Durante el proceso de documentación me encontré con las fotos de Julián Lineros, un fotógrafo que ha estado en algunos de los lugares más conflictivos del país tomando unas fotos de una belleza espeluznante y además un tipo generoso que me dio acceso al archivo de unas 50 fotos inéditas que tomó en un campo de entrenamiento del bloque Élmer Cárdenas de las AUC.

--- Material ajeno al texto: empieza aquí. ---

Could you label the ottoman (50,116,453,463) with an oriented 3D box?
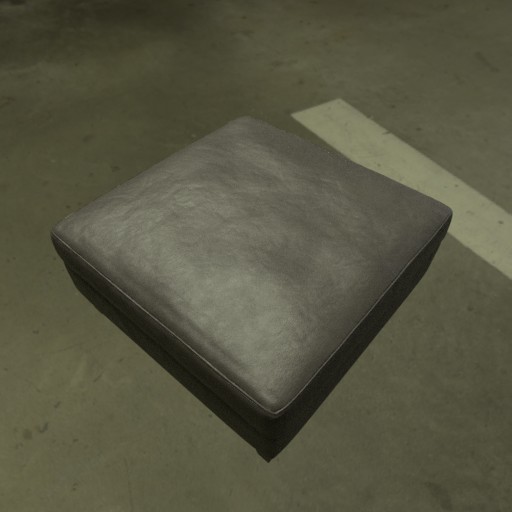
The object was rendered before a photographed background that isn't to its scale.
[{"bbox_3d":[0.000,0.000,1.345,0.836,0.415,0.844,32,55,27],"label":"ottoman"}]

Finalmente consulté la línea de tiempo en la que había consignado toda la información que encontré dispersa en libros o Internet y con ella decidí qué período de tiempo quería contar, los personajes secundarios, etc. Visto retrospectivamente todo se ve ordenado y pausado, casi coreografiado, pero el proceso fue, sobra decirlo, mucho más azaroso, a destiempo y caótico y la novela no está "purificada" de ese ruido y ese síncope. En la primera novela escribí un guión completo antes de dibujar la primera viñeta, pero al final tenía esa sensación un poco asfixiante del deadline, de pujar por llegar, de apretar los dientes y cerrar los puños. Y por eso en La Buena Sombra preferí partir de esa vasta línea de tiempo que había construido durante la investigación y tomarle el pulso a la historia a medida que avanzaba, es decir, tener una posición de autor y al mismo tiempo espectador, alguien que veía una página terminada o una secuencia de páginas y decía "mmm, esta historia tal vez podría ir en esta o aquella dirección".